[Dataset items]
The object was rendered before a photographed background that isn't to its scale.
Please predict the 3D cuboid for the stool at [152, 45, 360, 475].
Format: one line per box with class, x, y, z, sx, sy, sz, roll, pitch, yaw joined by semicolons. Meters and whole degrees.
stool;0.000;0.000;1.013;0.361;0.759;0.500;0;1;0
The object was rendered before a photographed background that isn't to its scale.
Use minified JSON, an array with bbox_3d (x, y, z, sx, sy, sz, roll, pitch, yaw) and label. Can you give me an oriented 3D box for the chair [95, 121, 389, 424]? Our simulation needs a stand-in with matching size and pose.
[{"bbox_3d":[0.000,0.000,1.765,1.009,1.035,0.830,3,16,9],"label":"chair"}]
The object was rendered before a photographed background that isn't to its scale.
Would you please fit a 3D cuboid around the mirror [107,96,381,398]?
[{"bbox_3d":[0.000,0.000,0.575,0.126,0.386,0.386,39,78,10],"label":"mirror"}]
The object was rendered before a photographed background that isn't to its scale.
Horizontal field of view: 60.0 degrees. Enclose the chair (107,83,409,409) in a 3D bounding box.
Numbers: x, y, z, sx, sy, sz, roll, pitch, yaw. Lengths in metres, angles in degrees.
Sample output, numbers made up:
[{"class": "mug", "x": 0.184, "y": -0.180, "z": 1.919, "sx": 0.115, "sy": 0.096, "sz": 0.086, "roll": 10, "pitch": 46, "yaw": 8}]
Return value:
--
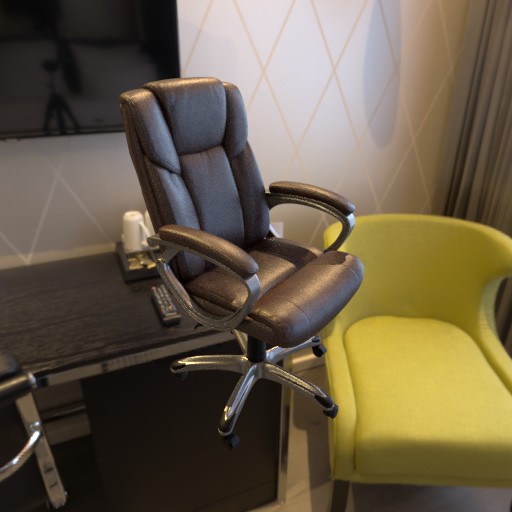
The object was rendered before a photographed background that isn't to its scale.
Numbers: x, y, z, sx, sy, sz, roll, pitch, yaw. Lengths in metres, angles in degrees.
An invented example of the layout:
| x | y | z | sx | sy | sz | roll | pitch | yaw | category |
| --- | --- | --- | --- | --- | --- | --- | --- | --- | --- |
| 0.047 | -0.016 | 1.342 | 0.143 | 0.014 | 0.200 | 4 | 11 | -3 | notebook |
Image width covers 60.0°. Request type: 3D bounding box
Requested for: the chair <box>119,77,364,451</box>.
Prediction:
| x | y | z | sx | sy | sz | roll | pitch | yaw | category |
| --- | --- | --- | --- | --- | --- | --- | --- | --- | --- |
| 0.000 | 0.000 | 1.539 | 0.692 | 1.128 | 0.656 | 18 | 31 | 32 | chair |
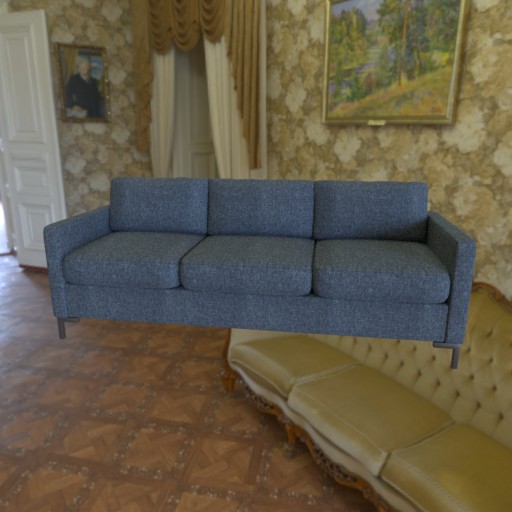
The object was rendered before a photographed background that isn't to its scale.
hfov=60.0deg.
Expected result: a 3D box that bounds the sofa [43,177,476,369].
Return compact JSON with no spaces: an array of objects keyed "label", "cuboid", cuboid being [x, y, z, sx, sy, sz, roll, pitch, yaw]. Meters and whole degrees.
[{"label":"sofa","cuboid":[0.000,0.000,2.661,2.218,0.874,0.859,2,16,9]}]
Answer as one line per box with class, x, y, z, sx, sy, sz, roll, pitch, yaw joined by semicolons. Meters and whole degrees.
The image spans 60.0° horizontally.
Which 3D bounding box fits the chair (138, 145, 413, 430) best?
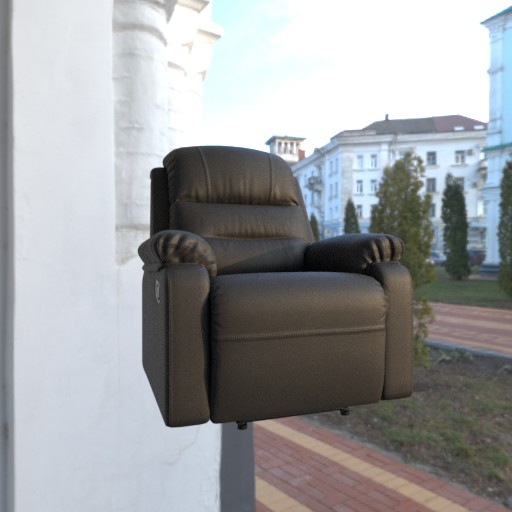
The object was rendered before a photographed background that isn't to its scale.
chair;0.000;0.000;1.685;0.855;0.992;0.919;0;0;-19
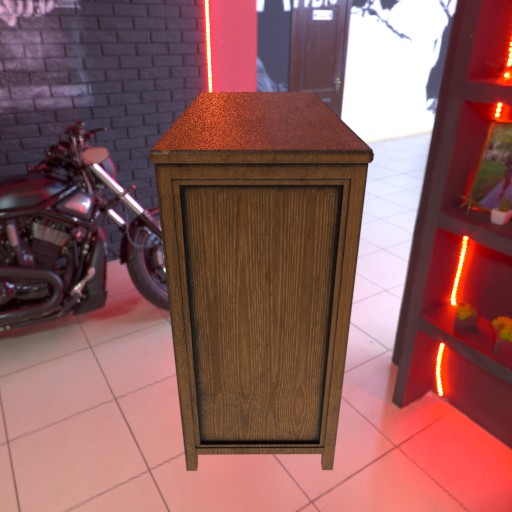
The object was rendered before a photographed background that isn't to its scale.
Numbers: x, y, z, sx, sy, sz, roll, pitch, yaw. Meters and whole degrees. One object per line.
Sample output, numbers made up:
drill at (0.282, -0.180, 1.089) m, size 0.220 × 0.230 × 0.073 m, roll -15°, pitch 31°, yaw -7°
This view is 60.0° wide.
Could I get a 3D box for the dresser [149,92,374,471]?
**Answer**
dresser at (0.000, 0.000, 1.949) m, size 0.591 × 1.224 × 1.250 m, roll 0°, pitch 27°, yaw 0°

PROBLEM DETAILS: Please show the lines in the entries above that hold the string "view".

REPLY:
Horizontal field of view: 60.0 degrees. Enclose the chair (107,83,409,409) in a 3D bounding box.
This view is 60.0° wide.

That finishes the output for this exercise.